Should you buy the CSL dip?
CSL (ASX: CSL) shares are down almost 10% in the last two sessions to a fresh three month low. A selloff of this magnitude is quite rare for the defensive market darling, which may have investors thinking – Should I buy the dip?
On Wednesday, CSL said FY23 profits should hit the top end of its guidance range (US$2.8 billion) on a constant currency basis. But it faces a foreign currency headwind between US$230 million to US$250 million, up from US$175 million it expected just five months ago.
To add further insult to injury, CSL provided its first take on FY24 earnings, with expectations of net profit after tax and amortisation (NPATA) growth of 13-18% or US$2.9 billion to US$3.0 billion. This was below market expectations of US$3.33bn.
The last time CSL experienced a selloff of this magnitude was in December 2021 – When it raised $6.3 billion (at an 8.2% discount) for its acquisition of Vifor Pharma. It took CSL around 7 months to return to pre-selloff levels.
But does any of this matter when you’re a market darling? Let’s see what the experts are saying.
Market Matters: Reducing Exposure
James Gerrish, Portfolio manager at Market Matters is considering cutting the 4% CSL position within their Flagship Growth Portfolio (the position still sits around a 12% paper profit).

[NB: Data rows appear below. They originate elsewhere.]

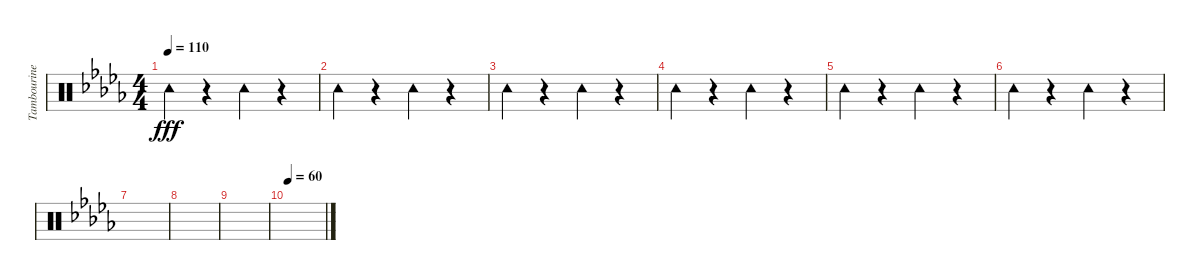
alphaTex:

\track ("Tambourine" "Tambourine") {instrument percussion}
\staff {score}
\articulation defaults
\ts (4 4)
\tempo 110
\clef neutral
\ks db "Tambourine (hit)".4{dy fff}
r.4 "Tambourine (hit)".4 r.4 |
"Tambourine (hit)".4 r.4 "Tambourine (hit)".4 r.4 |
"Tambourine (hit)".4 r.4 "Tambourine (hit)".4 r.4 |
"Tambourine (hit)".4 r.4 "Tambourine (hit)".4 r.4 |
"Tambourine (hit)".4 r.4 "Tambourine (hit)".4 r.4 |
"Tambourine (hit)".4 r.4 "Tambourine (hit)".4 r.4 |
|
|
|
\tempo 60
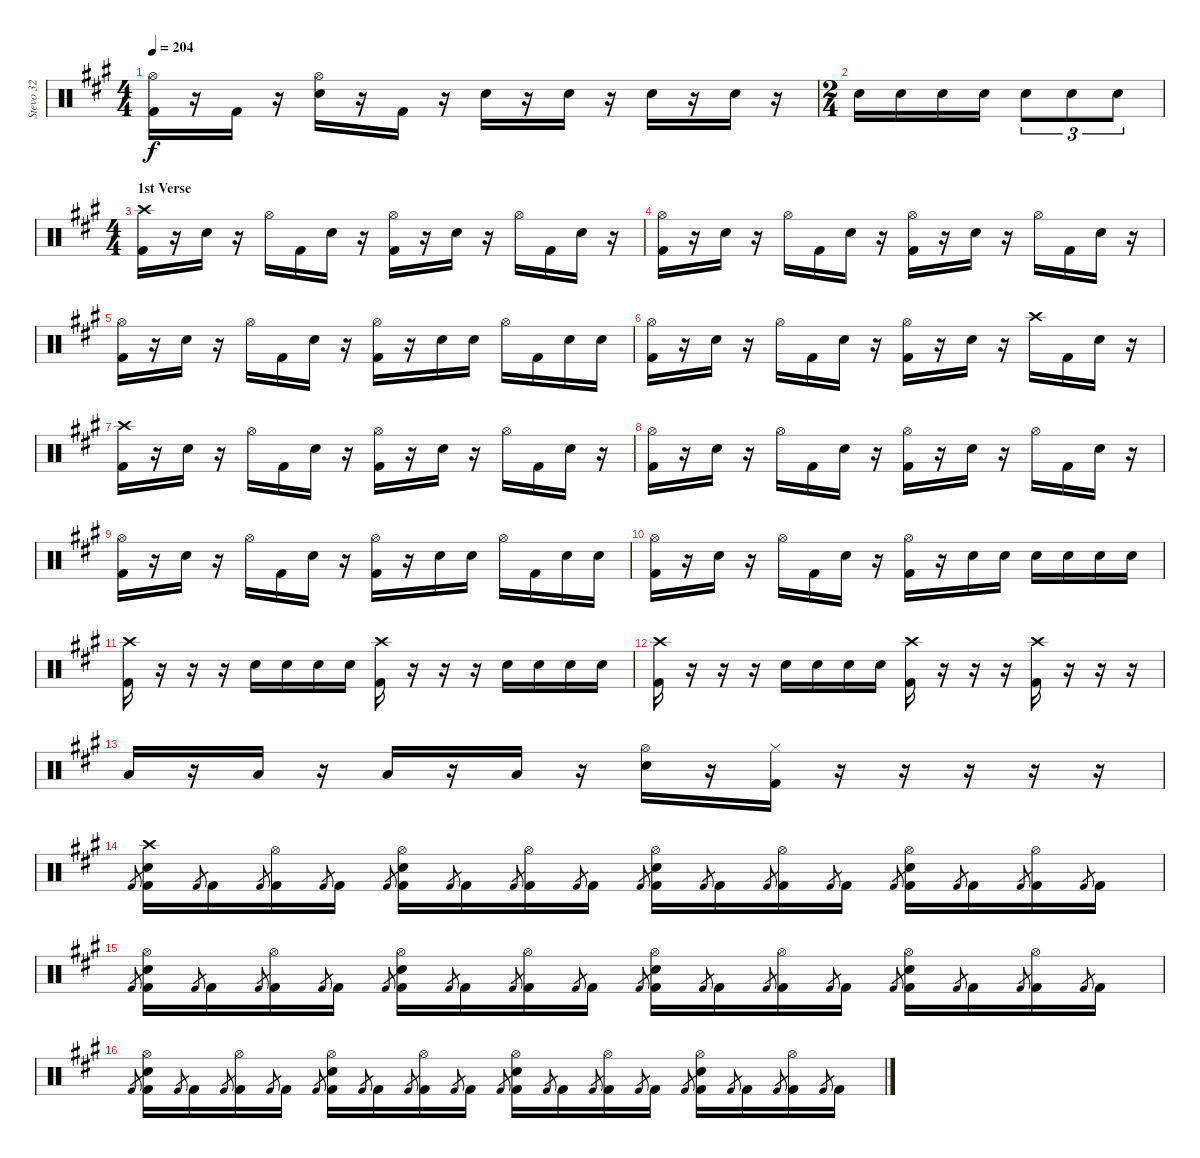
\track ("Stevo 32" "Stevo 32") {instrument percussion}
\staff {score}
\articulation defaults
\ts (4 4)
\tempo 204
\clef neutral
\ks a
("Hi-Hat (open)" "Kick (hit) 2").16{dy f} r.16 "Kick (hit) 2".16 r.16 ("Hi-Hat (open)" "Snare (hit) 2").16 r.16 "Kick (hit) 2".16 r.16 "Snare (hit) 2".16 r.16 "Snare (hit) 2".16 r.16 "Snare (hit) 2".16 r.16 "Snare (hit) 2".16 r.16 |
\ts (2 4)
"Snare (hit) 2".16 "Snare (hit) 2".16 "Snare (hit) 2".16 "Snare (hit) 2".16 "Snare (hit) 2".8{tu (3 2)} "Snare (hit) 2".8{tu (3 2)} "Snare (hit) 2".8{tu (3 2)} |
\ts (4 4)
\section ("" "1st Verse")
("Crash high (hit)" "Kick (hit) 2").16 r.16 "Snare (hit) 2".16 r.16 "Hi-Hat (open)".16 "Kick (hit) 2".16 "Snare (hit) 2".16 r.16 ("Hi-Hat (open)" "Kick (hit) 2").16 r.16 "Snare (hit) 2".16 r.16 "Hi-Hat (open)".16 "Kick (hit) 2".16 "Snare (hit) 2".16 r.16 |
("Hi-Hat (open)" "Kick (hit) 2").16 r.16 "Snare (hit) 2".16 r.16 "Hi-Hat (open)".16 "Kick (hit) 2".16 "Snare (hit) 2".16 r.16 ("Hi-Hat (open)" "Kick (hit) 2").16 r.16 "Snare (hit) 2".16 r.16 "Hi-Hat (open)".16 "Kick (hit) 2".16 "Snare (hit) 2".16 r.16 |
("Hi-Hat (open)" "Kick (hit) 2").16 r.16 "Snare (hit) 2".16 r.16 "Hi-Hat (open)".16 "Kick (hit) 2".16 "Snare (hit) 2".16 r.16 ("Hi-Hat (open)" "Kick (hit) 2").16 r.16 "Snare (hit) 2".16 "Snare (hit) 2".16 "Hi-Hat (open)".16 "Kick (hit) 2".16 "Snare (hit) 2".16 "Snare (hit) 2".16 |
("Hi-Hat (open)" "Kick (hit) 2").16 r.16 "Snare (hit) 2".16 r.16 "Hi-Hat (open)".16 "Kick (hit) 2".16 "Snare (hit) 2".16 r.16 ("Hi-Hat (open)" "Kick (hit) 2").16 r.16 "Snare (hit) 2".16 r.16 "Crash high (hit)".16 "Kick (hit) 2".16 "Snare (hit) 2".16 r.16 |
("Crash high (hit)" "Kick (hit) 2").16 r.16 "Snare (hit) 2".16 r.16 "Hi-Hat (open)".16 "Kick (hit) 2".16 "Snare (hit) 2".16 r.16 ("Hi-Hat (open)" "Kick (hit) 2").16 r.16 "Snare (hit) 2".16 r.16 "Hi-Hat (open)".16 "Kick (hit) 2".16 "Snare (hit) 2".16 r.16 |
("Hi-Hat (open)" "Kick (hit) 2").16 r.16 "Snare (hit) 2".16 r.16 "Hi-Hat (open)".16 "Kick (hit) 2".16 "Snare (hit) 2".16 r.16 ("Hi-Hat (open)" "Kick (hit) 2").16 r.16 "Snare (hit) 2".16 r.16 "Hi-Hat (open)".16 "Kick (hit) 2".16 "Snare (hit) 2".16 r.16 |
("Hi-Hat (open)" "Kick (hit) 2").16 r.16 "Snare (hit) 2".16 r.16 "Hi-Hat (open)".16 "Kick (hit) 2".16 "Snare (hit) 2".16 r.16 ("Hi-Hat (open)" "Kick (hit) 2").16 r.16 "Snare (hit) 2".16 "Snare (hit) 2".16 "Hi-Hat (open)".16 "Kick (hit) 2".16 "Snare (hit) 2".16 "Snare (hit) 2".16 |
("Hi-Hat (open)" "Kick (hit) 2").16 r.16 "Snare (hit) 2".16 r.16 "Hi-Hat (open)".16 "Kick (hit) 2".16 "Snare (hit) 2".16 r.16 ("Hi-Hat (open)" "Kick (hit) 2").16 r.16 "Snare (hit) 2".16 "Snare (hit) 2".16 "Snare (hit) 2".16 "Snare (hit) 2".16 "Snare (hit) 2".16 "Snare (hit) 2".16 |
("Crash high (hit)" "Kick (hit) 2").16 r.16 r.16 r.16 "Snare (hit) 2".16 "Snare (hit) 2".16 "Snare (hit) 2".16 "Snare (hit) 2".16 ("Crash high (hit)" "Kick (hit) 2").16 r.16 r.16 r.16 "Snare (hit) 2".16 "Snare (hit) 2".16 "Snare (hit) 2".16 "Snare (hit) 2".16 |
("Crash high (hit)" "Kick (hit) 2").16 r.16 r.16 r.16 "Snare (hit) 2".16 "Snare (hit) 2".16 "Snare (hit) 2".16 "Snare (hit) 2".16 ("Crash high (hit)" "Kick (hit) 2").16 r.16 r.16 r.16 ("Crash high (hit)" "Kick (hit) 2").16 r.16 r.16 r.16 |
"Low Floor Tom (hit)".16 r.16 "Low Floor Tom (hit)".16 r.16 "Low Floor Tom (hit)".16 r.16 "Low Floor Tom (hit)".16 r.16 ("Hi-Hat (open)" "Snare (hit) 2").16 r.16 ("Hi-Hat (closed)" "Kick (hit) 2").16 r.16 r.16 r.16 r.16 r.16 |
"Kick (hit) 2".8{gr} ("Crash high (hit)" "Snare (hit) 2" "Kick (hit) 2").16 "Kick (hit) 2".8{gr} "Kick (hit) 2".16 "Kick (hit) 2".8{gr} ("Hi-Hat (open)" "Kick (hit) 2").16 "Kick (hit) 2".8{gr} "Kick (hit) 2".16 "Kick (hit) 2".8{gr} ("Hi-Hat (open)" "Snare (hit) 2" "Kick (hit) 2").16 "Kick (hit) 2".8{gr} "Kick (hit) 2".16 "Kick (hit) 2".8{gr} ("Hi-Hat (open)" "Kick (hit) 2").16 "Kick (hit) 2".8{gr} "Kick (hit) 2".16 "Kick (hit) 2".8{gr} ("Hi-Hat (open)" "Snare (hit) 2" "Kick (hit) 2").16 "Kick (hit) 2".8{gr} "Kick (hit) 2".16 "Kick (hit) 2".8{gr} ("Hi-Hat (open)" "Kick (hit) 2").16 "Kick (hit) 2".8{gr} "Kick (hit) 2".16 "Kick (hit) 2".8{gr} ("Hi-Hat (open)" "Snare (hit) 2" "Kick (hit) 2").16 "Kick (hit) 2".8{gr} "Kick (hit) 2".16 "Kick (hit) 2".8{gr} ("Hi-Hat (open)" "Kick (hit) 2").16 "Kick (hit) 2".8{gr} "Kick (hit) 2".16 |
"Kick (hit) 2".8{gr} ("Hi-Hat (open)" "Snare (hit) 2" "Kick (hit) 2").16 "Kick (hit) 2".8{gr} "Kick (hit) 2".16 "Kick (hit) 2".8{gr} ("Hi-Hat (open)" "Kick (hit) 2").16 "Kick (hit) 2".8{gr} "Kick (hit) 2".16 "Kick (hit) 2".8{gr} ("Hi-Hat (open)" "Snare (hit) 2" "Kick (hit) 2").16 "Kick (hit) 2".8{gr} "Kick (hit) 2".16 "Kick (hit) 2".8{gr} ("Hi-Hat (open)" "Kick (hit) 2").16 "Kick (hit) 2".8{gr} "Kick (hit) 2".16 "Kick (hit) 2".8{gr} ("Hi-Hat (open)" "Snare (hit) 2" "Kick (hit) 2").16 "Kick (hit) 2".8{gr} "Kick (hit) 2".16 "Kick (hit) 2".8{gr} ("Hi-Hat (open)" "Kick (hit) 2").16 "Kick (hit) 2".8{gr} "Kick (hit) 2".16 "Kick (hit) 2".8{gr} ("Hi-Hat (open)" "Snare (hit) 2" "Kick (hit) 2").16 "Kick (hit) 2".8{gr} "Kick (hit) 2".16 "Kick (hit) 2".8{gr} ("Hi-Hat (open)" "Kick (hit) 2").16 "Kick (hit) 2".8{gr} "Kick (hit) 2".16 |
"Kick (hit) 2".8{gr} ("Hi-Hat (open)" "Snare (hit) 2" "Kick (hit) 2").16 "Kick (hit) 2".8{gr} "Kick (hit) 2".16 "Kick (hit) 2".8{gr} ("Hi-Hat (open)" "Kick (hit) 2").16 "Kick (hit) 2".8{gr} "Kick (hit) 2".16 "Kick (hit) 2".8{gr} ("Hi-Hat (open)" "Snare (hit) 2" "Kick (hit) 2").16 "Kick (hit) 2".8{gr} "Kick (hit) 2".16 "Kick (hit) 2".8{gr} ("Hi-Hat (open)" "Kick (hit) 2").16 "Kick (hit) 2".8{gr} "Kick (hit) 2".16 "Kick (hit) 2".8{gr} ("Hi-Hat (open)" "Snare (hit) 2" "Kick (hit) 2").16 "Kick (hit) 2".8{gr} "Kick (hit) 2".16 "Kick (hit) 2".8{gr} ("Hi-Hat (open)" "Kick (hit) 2").16 "Kick (hit) 2".8{gr} "Kick (hit) 2".16 "Kick (hit) 2".8{gr} ("Hi-Hat (open)" "Snare (hit) 2" "Kick (hit) 2").16 "Kick (hit) 2".8{gr} "Kick (hit) 2".16 "Kick (hit) 2".8{gr} ("Hi-Hat (open)" "Kick (hit) 2").16 "Kick (hit) 2".8{gr} "Kick (hit) 2".16

He summarises the announcement as "essentially margins in Behring are not recovering as quickly as the market anticipated which means earnings growth is going to lag bullish analyst assumptions."
"Importantly our reason to have bought CSL this year has gone hence subscribers shouldn’t be surprised if we exit what’s left of our position in the coming days/weeks," Market Matters said in their morning report on Thursday.
Morgan Stanley: Margin Recovery Pushed Forward
Morgan Stanley retained an OVERWEIGHT rating but lowered its target price from $339.0 to $325.0.
“Of our ~9% downgrade to FY24e NPAT, ~50% is foreign exchange and ~50% is slower gross margin recovery – We don’t see change to the long-term picture but rather a 6-12 month delay in getting there,” the analyst said in a note on Wednesday.
“CSL guides plasma gross margins to be back to pre-pandemic levels in FY26-28. We are confident gross margin improves from here given: i) strong reversal in collection volume, ii) softening of donor fees and iii) slower growth in the fixed cost base.”
The broker said CSL is still expected to deliver 13-18% net profit growth and with no change to its long-term picture, remains Overweight on the stock.
Citi: Resets Behring Margin Expectations
Citi reiterated a similar view – That the trading update “was about resetting the market’s expectations for the recovery of gross margins in the Behring division, as both donor fees and labor cost inflation remain higher than anticipated.” This is in contrast to market expectations of a more V-shaped recovery by FY26.
The broker reiterated a BUY rating but lowered its price target from $350.0 to $340.0.
“Our target price moves to $340 implying CSL should trade on an FY26 PE of ~27x, in-line with the 10-year average,” the analysts said.